While this study yields valuable findings on the moderating effects of family functioning and resource support on career calling and academic burnout, its limitations must be noted. First, this was a cross-sectional study, and a causal relationship between the research variables could not be deduced. A longitudinal study should be conducted in the future to address this limitation. Second, considering the costs, resources, and actual situation, we did not survey representative medical schools in various regions of China, which may have made the sample less representative. Future studies should expand their selection of medical schools to more regions, to improve sample representativeness. Third, despite the strict quality control measures, uncertainty biases in the collection of online data cannot be ruled out. Fourth, the questionnaire did not include any items that explicitly prompted participants to indicate a perceived level of impact on their academic lives or medical school experiences. In the future, an intervention study could be an interesting research direction, which will provide opportunities to conduct an in-depth exploration of some of the present study’s findings regarding career calling, family functioning, resource support, and demographics variables’ impact on academic burnout.

Conclusions

In summary, academic burnout among Chinese medical students reached a relatively high level during the controlled COVID-19 pandemic. Sex, major, academic performance ranking, monthly living expenses, physical health, and sleep quality are among the demographic factors that influence academic burnout among Chinese medical students. In the post-pandemic era, schools should pay more attention to these factors and devise appropriate measures to prevent academic burnout among Chinese medical students in the face of a risk society. Further, during the controlled COVID-19 pandemic, career calling, family functioning, and resource support were negatively correlated with academic burnout, and family functioning and resource support can strengthen the association between career calling and academic burnout. Our study highlights the importance of career-calling education in preventing relatively high levels of academic burnout among Chinese medical students in the face of a risk society. Integrating career calling into medical education in the post-pandemic era could be a viable approach. Additionally, during the controlled COVID-19 pandemic, family functioning and resource support can reduce reliance on career calling to reduce academic burnout. This enlightens us that, in the post-pandemic era, medical schools should supplement family functioning from the side with school support and provide them with sufficient smart learning resources, which plays an important role in preventing relatively high levels of academic burnout among medical students in the face of a risk society.

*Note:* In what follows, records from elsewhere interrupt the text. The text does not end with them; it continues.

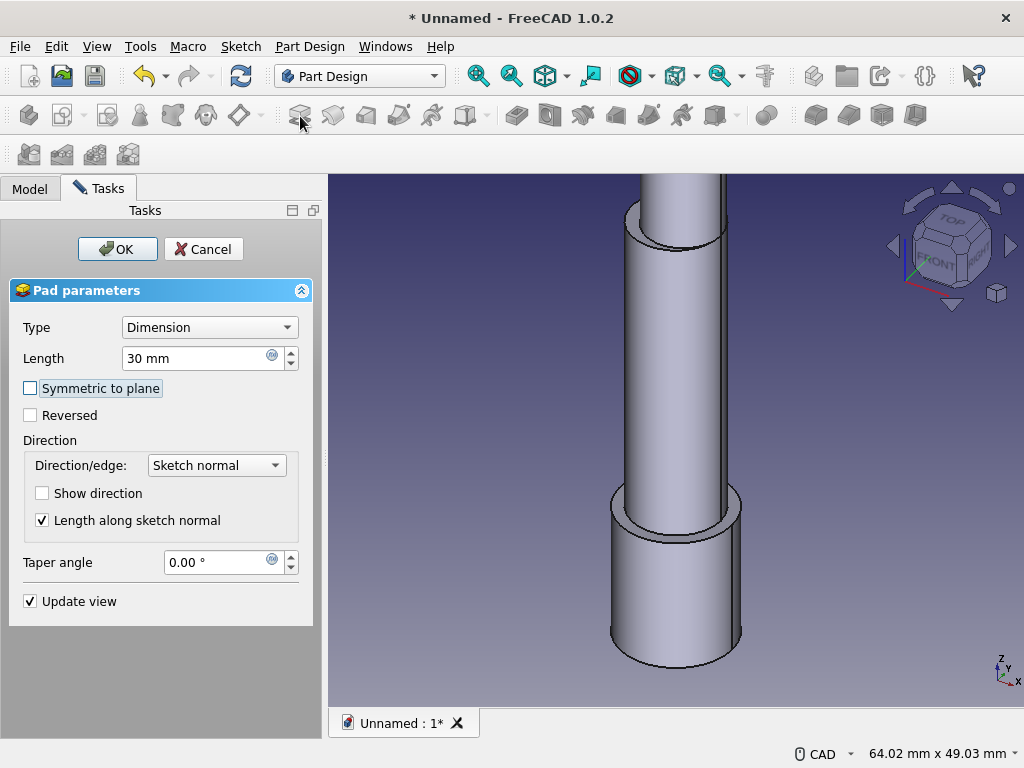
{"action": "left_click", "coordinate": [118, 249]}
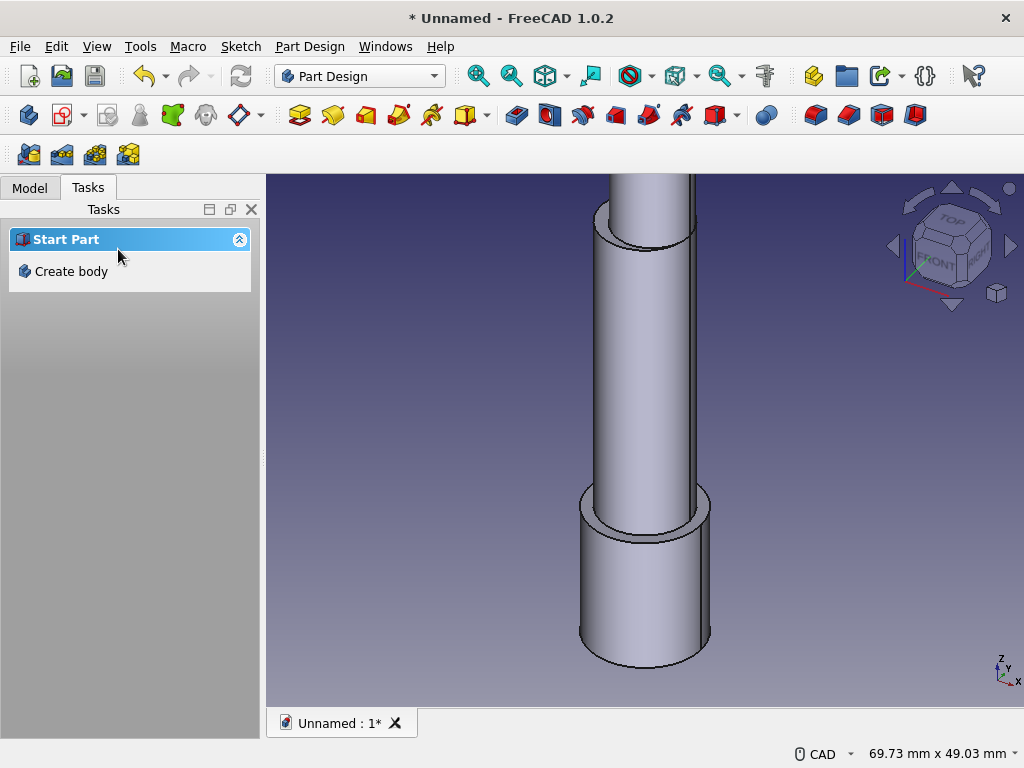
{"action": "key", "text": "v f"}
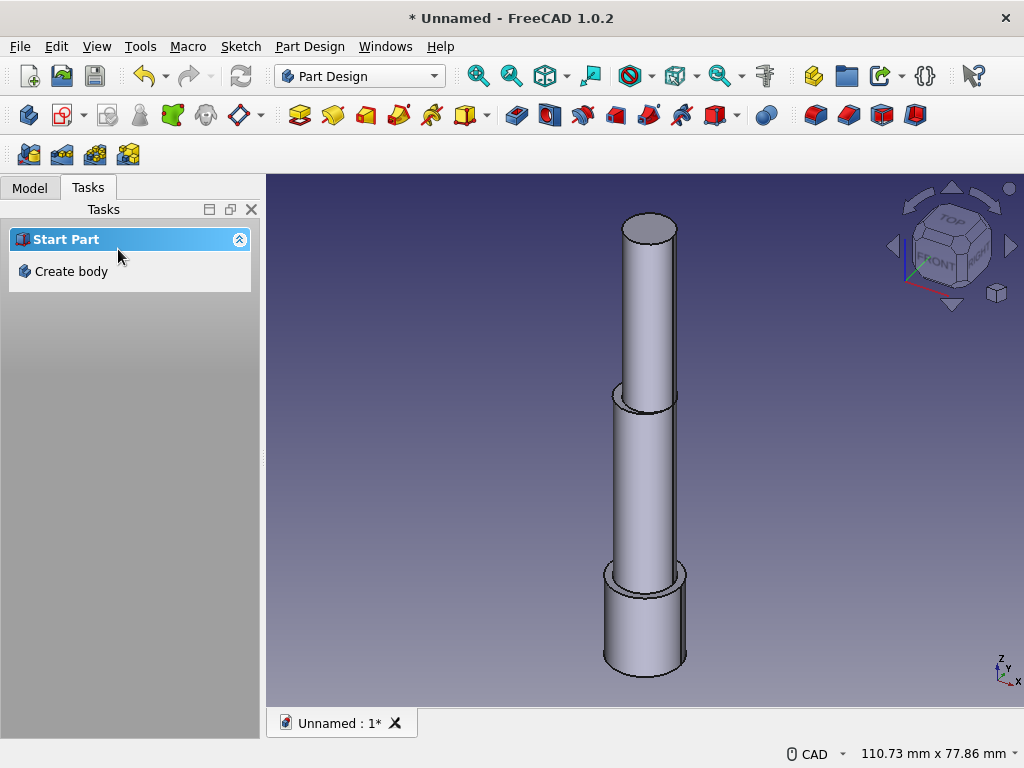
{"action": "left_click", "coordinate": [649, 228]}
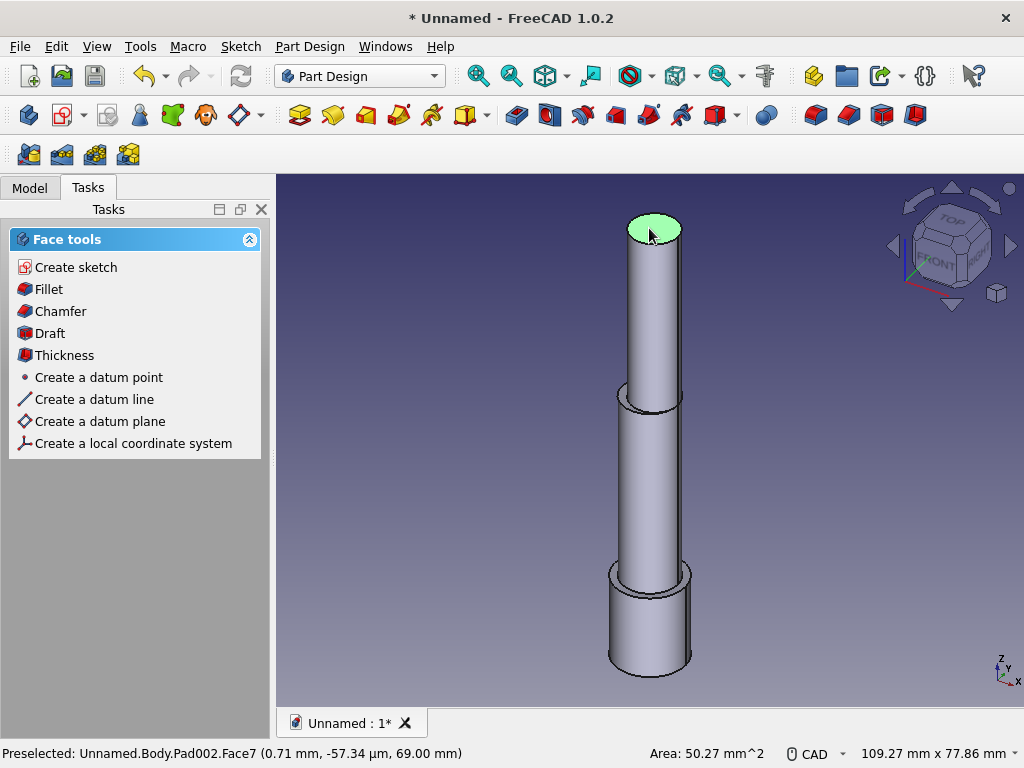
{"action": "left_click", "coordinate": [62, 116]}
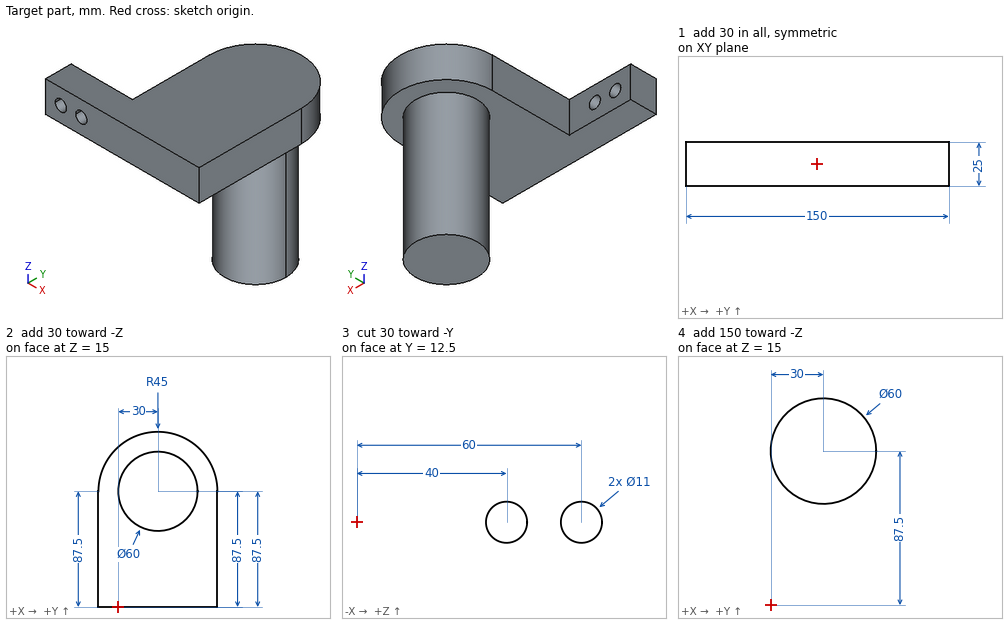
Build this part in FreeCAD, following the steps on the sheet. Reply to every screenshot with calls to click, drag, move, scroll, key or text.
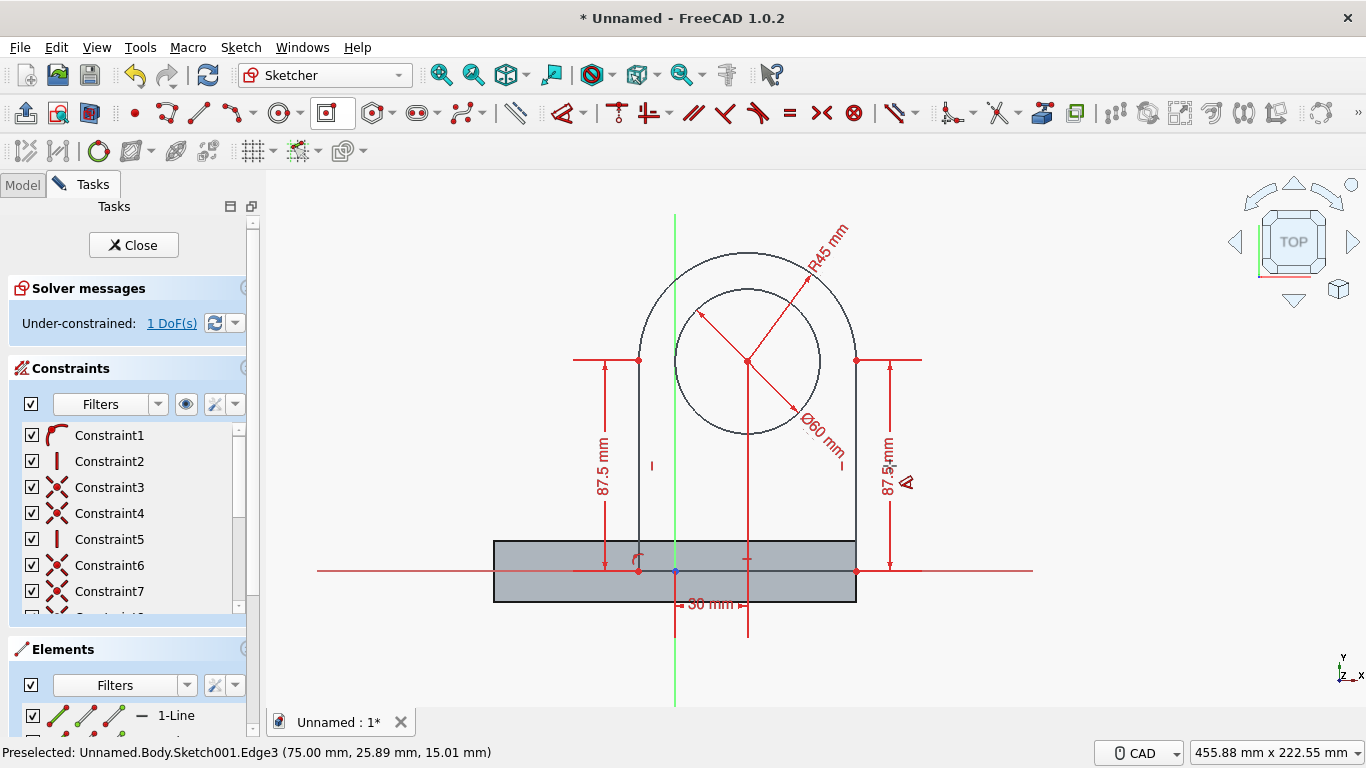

Although the COVID-19 pandemic has entered the post-pandemic stage, other risks in the risk society may still lead to academic burnout among medical students, which still needs attention.

Ethical approval

This study obeyed the guidelines of the Declaration of Helsinki, and this study involving human participants were reviewed and approved by the Institutional Review Board of Harbin Medical University10.13039/100010722 (ECHMU: HMU202072). Because online approach couldn’t receive the written informed consent, verbal informed consent for survey was approved by the ECHMU and obtained from each participates.

Authors’ contributions

Conceptualization, Zhang S.-E. and Cao D.-P.; Data curation, Wang Y.-P.; Formal analysis, Lu, F; Funding acquisition, Zhang S.-E. and Cao D.-P.; Investigation, Wang, Z.-J., Liu, X.-N., Zhao C.-X. and Lu, F; Methodology, He J.-J.; Project administration, Zhao C.-X.; Resources, Zhao C.-X.; Software, He J.-J., Liu, X.-N. and Wang, Z.-J.; Supervision, Zhang S.-E. and Cao D.-P.; Visualization, He J.-J.; Writing – original draft, He J.-J.; Writing – review & editing, Wang Y.-P. and Zhang S.-E. All authors had read and approved the final manuscript. He J.-J. is the first author, and Wang, Z.-J. is the co-first author.

Acknowledgments

The authors would like to thank all the students and teammates who assisted in obtaining written informed consent for the survey and in distributing questionnaires to the subjects. We would like to thank Editage (http://www.editage.cn) for English language editing.

Disclosure statement

No potential conflict of interest was reported by the author(s).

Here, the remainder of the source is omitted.